Le Comité des Ministres du Conseil de l’Europe, chargé de superviser la mise en œuvre par les États membres des arrêts de la Cour EDH, a publié six décisions et deux résolutions appelant la Turquie à libérer Demirtaş de sa détention. Lors de sa session du 5 au 7 décembre de cette année, le Comité des Ministres examinera pour la troisième fois l’incapacité de la Turquie à mettre en œuvre l’arrêt relatif à Yüksekdağ et à la libérer.

Les quatre organisations non gouvernementales ont soumis une proposition conjointe au Comité des Ministres lui demandant de rendre une décision en décembre appelant à la libération de Yüksekdağ.

« La Turquie a ignoré les nombreuses décisions et résolutions intérimaires du Comité appelant à la libération immédiate de Demirtaş. Ce refus de se conformer aux obligations internationales de la Turquie a été répété dans le cas de Yüksekdağ », a déclaré Ayşe Bingöl Demir, directrice du projet turc de soutien aux litiges en matière de droits de l’homme. « Le Comité doit intensifier sans plus tarder son examen de la Turquie dans le cadre de ces affaires, et cela doit inclure le déclenchement de procédures d’infraction, conformément à la voie suivie à juste titre dans le cas du défenseur des droits emprisonné Osman Kavala. »

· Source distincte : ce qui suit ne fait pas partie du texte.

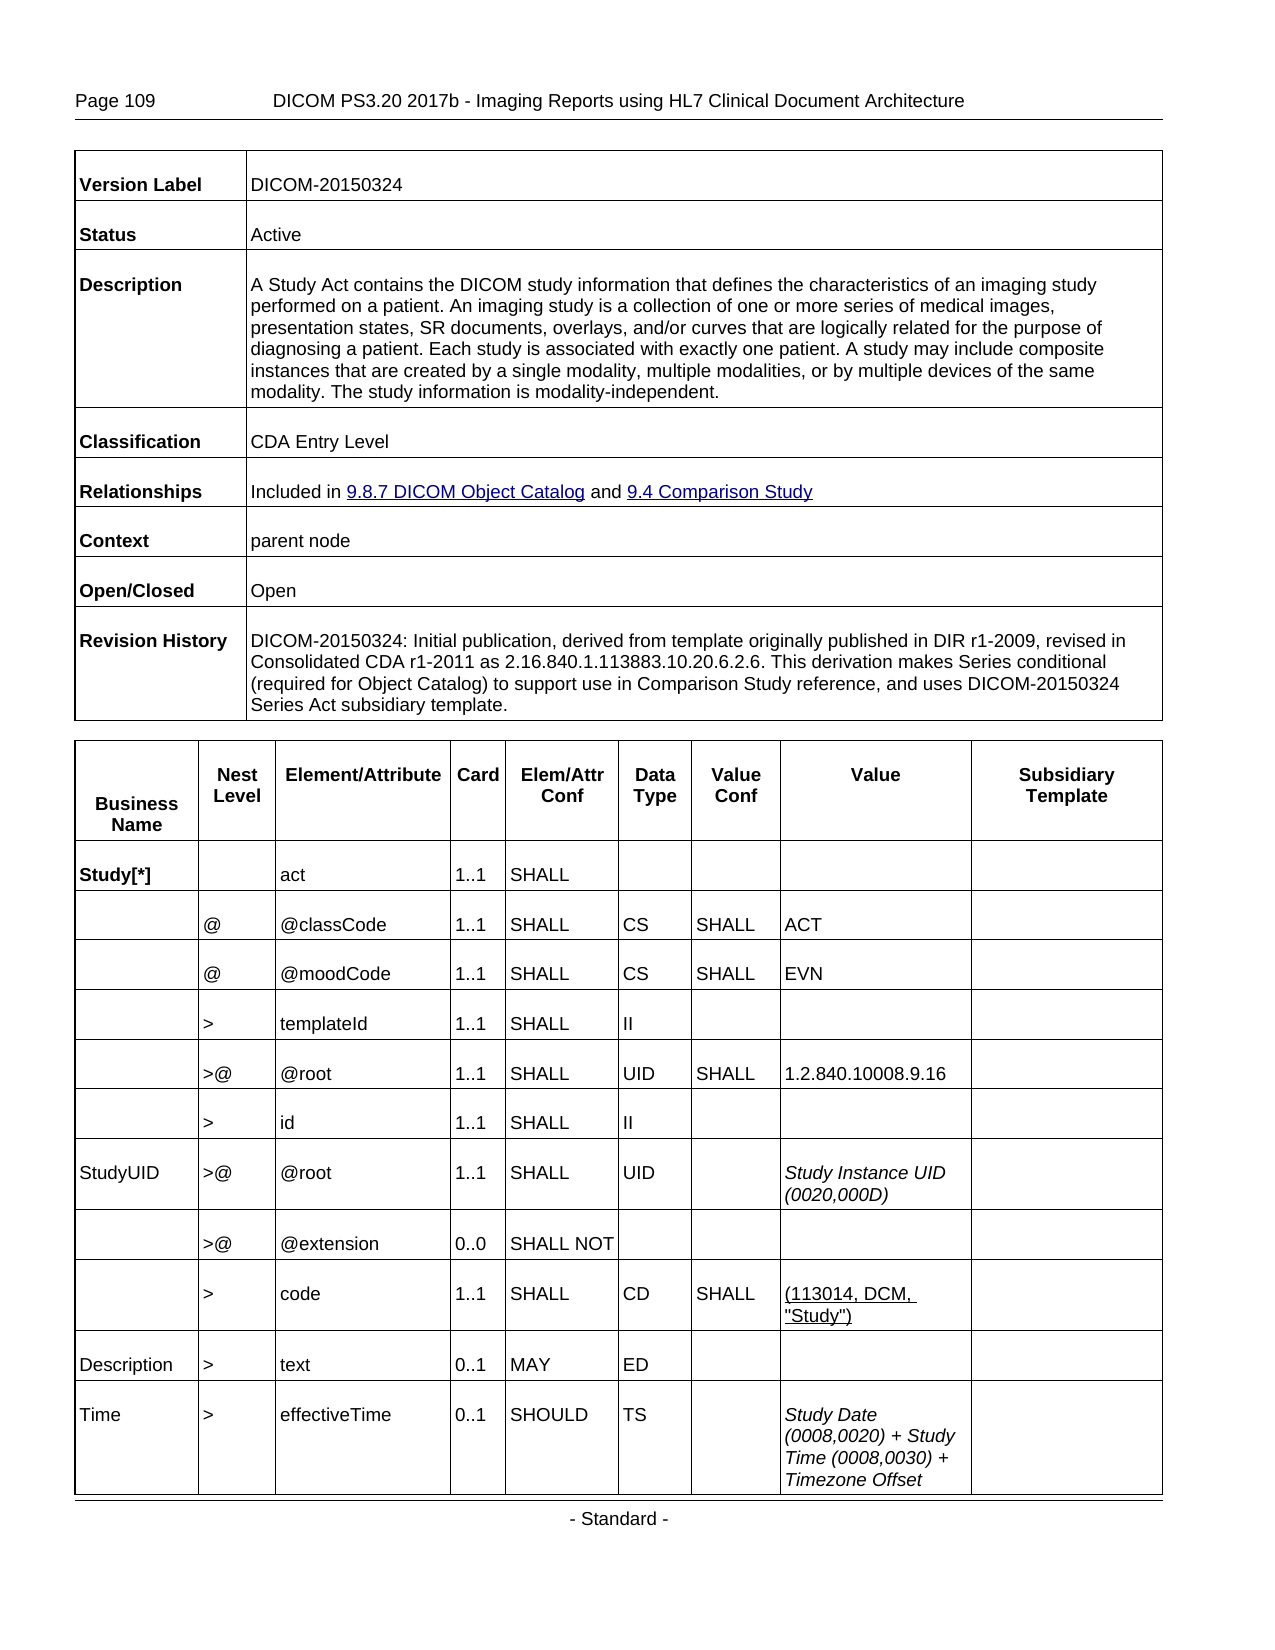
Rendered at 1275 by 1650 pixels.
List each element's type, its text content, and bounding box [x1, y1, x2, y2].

table_cell [781, 990, 971, 1038]
table_cell CD [619, 1260, 691, 1330]
table_cell code [276, 1260, 450, 1330]
table_cell SHALL [506, 940, 618, 989]
table_cell DICOM-20150324 [247, 151, 1162, 200]
table_cell [692, 1331, 780, 1380]
table_cell template​Id [276, 990, 450, 1038]
table_cell Description [76, 1331, 198, 1380]
table_cell ACT [781, 891, 971, 939]
table_header Elem/Attr Conf [506, 741, 618, 840]
table_cell @ [199, 891, 275, 939]
table_cell (113014, DCM, "Study") [781, 1260, 971, 1330]
table_cell >@ [199, 1139, 275, 1209]
table_cell 1..1 [451, 1089, 505, 1138]
table_cell [972, 940, 1162, 989]
table_cell SHALL [506, 1260, 618, 1330]
table_cell >@ [199, 1040, 275, 1088]
table_header Value Conf [692, 741, 780, 840]
table_cell Open/Closed [76, 557, 246, 606]
table_cell [972, 990, 1162, 1038]
table_cell [619, 841, 691, 889]
table_cell Study[*] [76, 841, 198, 889]
table_cell 1..1 [451, 990, 505, 1038]
table_cell SHALL [506, 1089, 618, 1138]
table_cell SHALL [692, 940, 780, 989]
table_cell act [276, 841, 450, 889]
table_cell 1..1 [451, 1040, 505, 1088]
table_cell [781, 1210, 971, 1259]
table_cell [692, 1381, 780, 1494]
table_cell Study Date (0008,0020) + Study Time (0008,0030) + Timezone Offset [781, 1381, 971, 1494]
table_cell [619, 1210, 691, 1259]
table_cell MAY [506, 1331, 618, 1380]
table_cell SHALL NOT [506, 1210, 618, 1259]
table_cell Relationships [76, 458, 246, 506]
table_cell Revision History [76, 607, 246, 720]
table_cell SHALL [506, 1139, 618, 1209]
table_cell Study Instance UID (0020,000D) [781, 1139, 971, 1209]
table_cell 0..1 [451, 1331, 505, 1380]
table_cell Context [76, 507, 246, 556]
table_header Nest Level [199, 741, 275, 840]
table_header Element/​Attribute [276, 741, 450, 840]
table_cell [972, 891, 1162, 939]
table_cell CS [619, 891, 691, 939]
table_cell [972, 1210, 1162, 1259]
table_cell @classCode [276, 891, 450, 939]
table_cell > [199, 1089, 275, 1138]
table_cell > [199, 990, 275, 1038]
table_cell CS [619, 940, 691, 989]
table_cell @root [276, 1139, 450, 1209]
table_cell 0..0 [451, 1210, 505, 1259]
table_cell >@ [199, 1210, 275, 1259]
table_cell SHALL [692, 1040, 780, 1088]
table_cell [972, 1331, 1162, 1380]
table_cell @moodCode [276, 940, 450, 989]
table_cell [972, 1260, 1162, 1330]
table_cell [76, 891, 198, 939]
table_cell [972, 1139, 1162, 1209]
table_cell ED [619, 1331, 691, 1380]
table_cell @ [199, 940, 275, 989]
table_cell [781, 841, 971, 889]
table_cell [76, 1040, 198, 1088]
table_cell [76, 1210, 198, 1259]
table_cell > [199, 1331, 275, 1380]
table_cell [199, 841, 275, 889]
table_cell SHALL [506, 841, 618, 889]
table_cell [692, 1210, 780, 1259]
table_cell effective​Time [276, 1381, 450, 1494]
table_cell A Study Act contains the DICOM study information that defines the characteristics of an imaging study performed on a patient. An imaging study is a collection of one or more series of medical images, presentation states, SR documents, overlays, and/or curves that are logically related for the purpose of diagnosing a patient. Each study is associated with exactly one patient. A study may include composite instances that are created by a single modality, multiple modalities, or by multiple devices of the same modality. The study information is modality-independent. [247, 250, 1162, 407]
table_cell EVN [781, 940, 971, 989]
table_cell Time [76, 1381, 198, 1494]
table_cell @extension [276, 1210, 450, 1259]
table_cell [781, 1331, 971, 1380]
table_header Data Type [619, 741, 691, 840]
table_cell id [276, 1089, 450, 1138]
table_cell SHOULD [506, 1381, 618, 1494]
table_header Subsidiary Template [972, 741, 1162, 840]
table_cell [76, 940, 198, 989]
table_cell SHALL [506, 891, 618, 939]
table_cell [972, 841, 1162, 889]
table_cell Status [76, 201, 246, 249]
table_header Value [781, 741, 971, 840]
table_cell Description [76, 250, 246, 407]
table_cell [692, 841, 780, 889]
table_cell SHALL [506, 1040, 618, 1088]
table_cell DICOM-20150324: Initial publication, derived from template originally published in DIR r1-2009, revised in Consolidated CDA r1-2011 as 2.16.840.1.113883.10.20.6.2.6. This derivation makes Series conditional (required for Object Catalog) to support use in Comparison Study reference, and uses DICOM-20150324 Series Act subsidiary template. [247, 607, 1162, 720]
table_cell [692, 1089, 780, 1138]
table_cell 1..1 [451, 841, 505, 889]
table_cell UID [619, 1040, 691, 1088]
table_cell @root [276, 1040, 450, 1088]
table_cell Version Label [76, 151, 246, 200]
table_cell II [619, 990, 691, 1038]
table_cell Classification [76, 408, 246, 457]
table_cell [76, 1089, 198, 1138]
table_cell [972, 1381, 1162, 1494]
table_cell SHALL [506, 990, 618, 1038]
table_cell [692, 1139, 780, 1209]
table_header Business Name [76, 741, 198, 840]
table_cell [781, 1089, 971, 1138]
table_cell 0..1 [451, 1381, 505, 1494]
table_cell [76, 1260, 198, 1330]
table_cell 1..1 [451, 940, 505, 989]
table_cell [972, 1040, 1162, 1088]
table_cell II [619, 1089, 691, 1138]
table_cell > [199, 1260, 275, 1330]
table_cell UID [619, 1139, 691, 1209]
table_cell parent node [247, 507, 1162, 556]
table_cell [76, 990, 198, 1038]
table_cell Open [247, 557, 1162, 606]
table_cell 1..1 [451, 891, 505, 939]
table_cell 1..1 [451, 1139, 505, 1209]
table_cell Active [247, 201, 1162, 249]
table_cell 1.2.840.10008.9.16 [781, 1040, 971, 1088]
table_header Card [451, 741, 505, 840]
table_cell CDA Entry Level [247, 408, 1162, 457]
table_cell [972, 1089, 1162, 1138]
table_cell Included in 9.8.7 DICOM Object Catalog and 9.4 Comparison Study [247, 458, 1162, 506]
table_cell Study​UID [76, 1139, 198, 1209]
table_cell 1..1 [451, 1260, 505, 1330]
table_cell > [199, 1381, 275, 1494]
table_cell text [276, 1331, 450, 1380]
table_cell SHALL [692, 891, 780, 939]
table_cell [692, 990, 780, 1038]
table_cell TS [619, 1381, 691, 1494]
table_cell SHALL [692, 1260, 780, 1330]
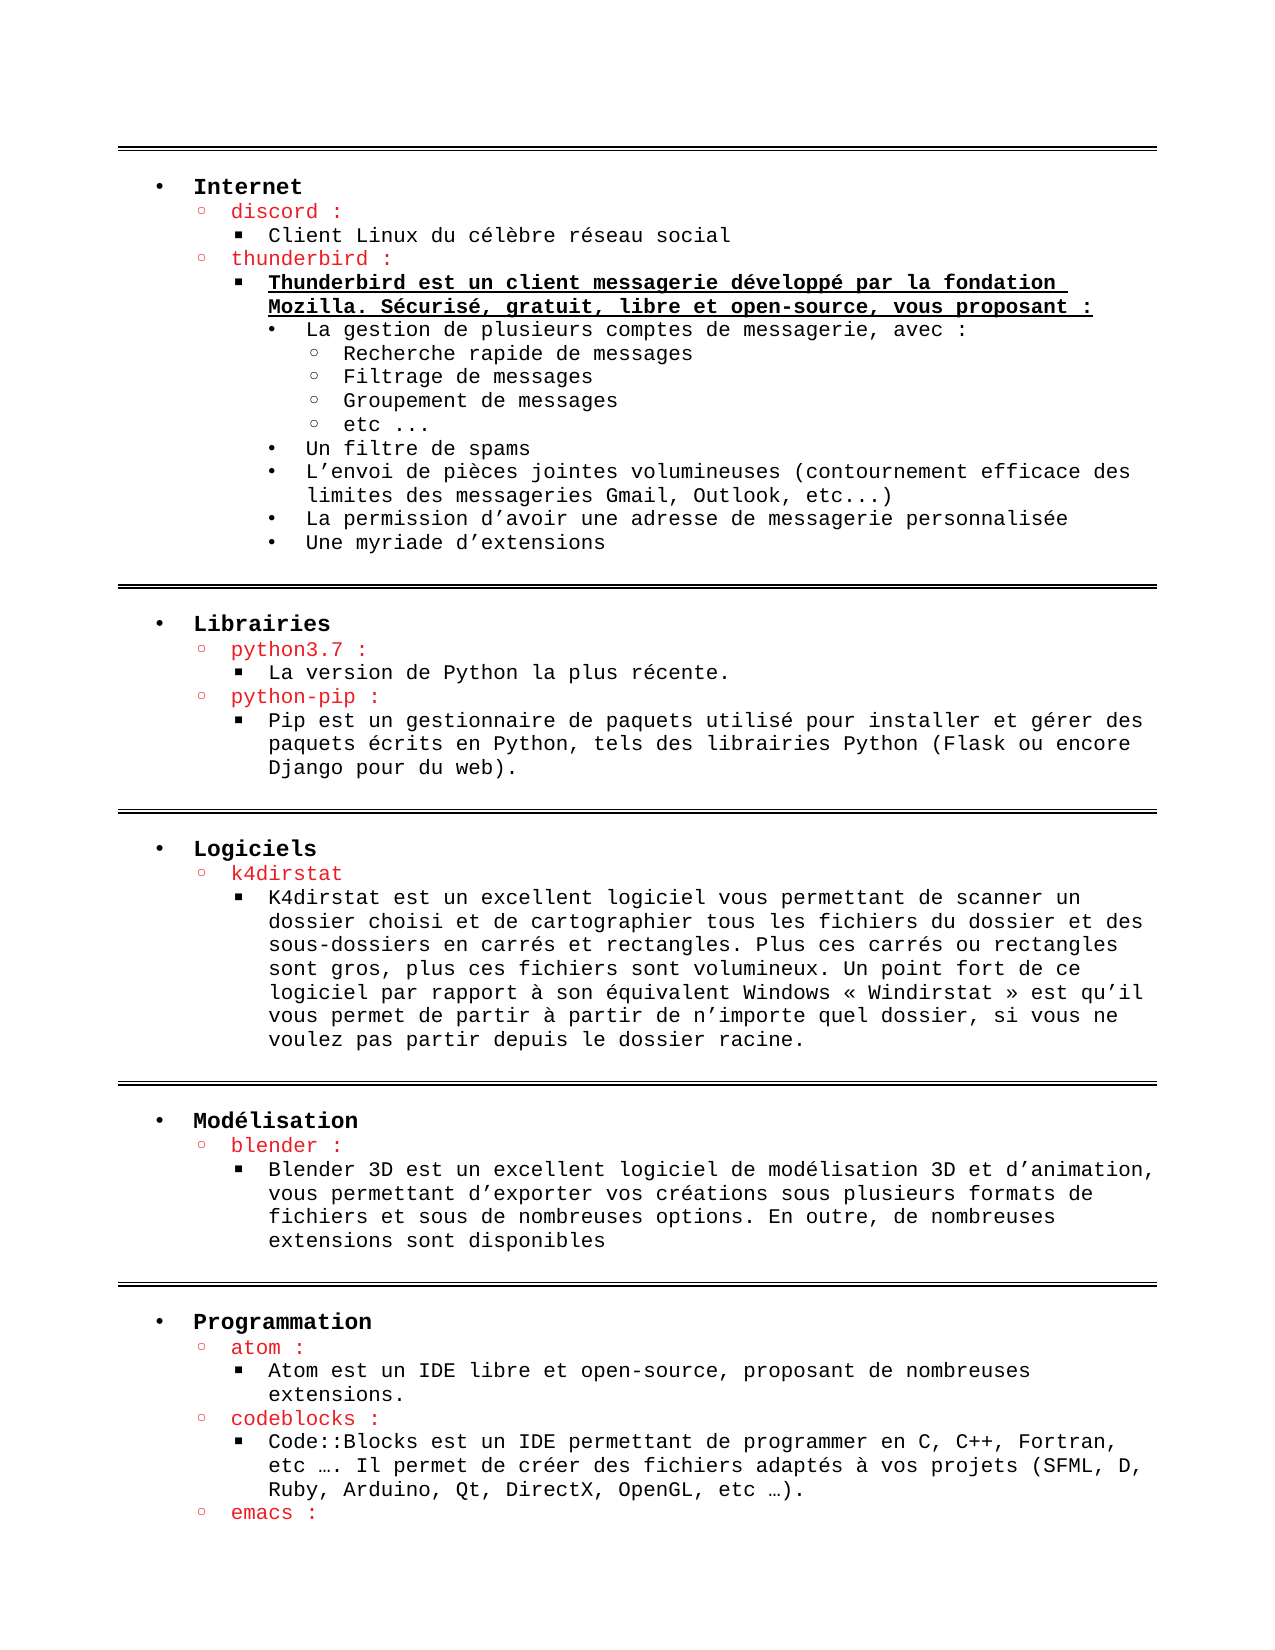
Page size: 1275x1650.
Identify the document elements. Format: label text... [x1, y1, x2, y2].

list L’envoi de pièces jointes volumineuses (contournement efficace des limites des messageries Gmail, Outlook, etc...) [268, 461, 1157, 508]
list python3.7 : [193, 639, 1157, 662]
list Modélisation [156, 1109, 1157, 1136]
list Une myriade d’extensions [268, 532, 1157, 556]
list Programmation [156, 1311, 1157, 1337]
list Groupement de messages [306, 390, 1157, 414]
list Client Linux du célèbre réseau social [231, 225, 1157, 248]
list atom : [193, 1337, 1157, 1360]
list Blender 3D est un excellent logiciel de modélisation 3D et d’animation, vous permettant d’exporter vos créations sous plusieurs formats de fichiers et sous de nombreuses options. En outre, de nombreuses extensions sont disponibles [231, 1159, 1157, 1254]
list Recherche rapide de messages [306, 343, 1157, 367]
list Code::Blocks est un IDE permettant de programmer en C, C++, Fortran, etc …. Il permet de créer des fichiers adaptés à vos projets (SFML, D, Ruby, Arduino, Qt, DirectX, OpenGL, etc …). [231, 1431, 1157, 1502]
list emacs : [193, 1502, 1157, 1526]
list blender : [193, 1136, 1157, 1159]
list Pip est un gestionnaire de paquets utilisé pour installer et gérer des paquets écrits en Python, tels des librairies Python (Flask ou encore Django pour du web). [231, 709, 1157, 781]
list codeblocks : [193, 1408, 1157, 1431]
list La permission d’avoir une adresse de messagerie personnalisée [268, 508, 1157, 532]
list Logiciels [156, 837, 1157, 863]
list k4dirstat [193, 863, 1157, 887]
list K4dirstat est un excellent logiciel vous permettant de scanner un dossier choisi et de cartographier tous les fichiers du dossier et des sous-dossiers en carrés et rectangles. Plus ces carrés ou rectangles sont gros, plus ces fichiers sont volumineux. Un point fort de ce logiciel par rapport à son équivalent Windows « Windirstat » est qu’il vous permet de partir à partir de n’importe quel dossier, si vous ne voulez pas partir depuis le dossier racine. [231, 887, 1157, 1053]
list thunderbird : [193, 248, 1157, 272]
list La gestion de plusieurs comptes de messagerie, avec : [268, 319, 1157, 343]
list python-pip : [193, 686, 1157, 709]
list Internet [156, 175, 1157, 201]
list Thunderbird est un client messagerie développé par la fondation Mozilla. Sécurisé, gratuit, libre et open-source, vous proposant : [231, 272, 1157, 319]
list Un filtre de spams [268, 437, 1157, 461]
list Librairies [156, 613, 1157, 639]
list Filtrage de messages [306, 367, 1157, 390]
list La version de Python la plus récente. [231, 662, 1157, 686]
list discord : [193, 201, 1157, 225]
list etc ... [306, 414, 1157, 437]
list Atom est un IDE libre et open-source, proposant de nombreuses extensions. [231, 1360, 1157, 1408]

Dix-huit autres anciens élus du parti et maires du HDP et d’un parti affilié, le Parti des régions démocratiques, sont également actuellement détenus. Parmi eux figurent l’éminent ancien maire élu de Diyarbakır, Gültan Kışanak, détenu depuis le 25 octobre 2016, et Sebahat Tuncel, ancien coprésident du Parti des régions démocratiques, arrêté le 6 novembre 2016. La détention provisoire de Kışanak a dépassé la limite légale. de sept ans en droit turc, alors que sept ans de détention provisoire constituent une violation flagrante du droit international des droits de l’homme. Les détentions de ces hommes politiques sont manifestement arbitraires et politiquement motivées, et les personnes emprisonnées doivent être immédiatement libérées, ont déclaré les organisations.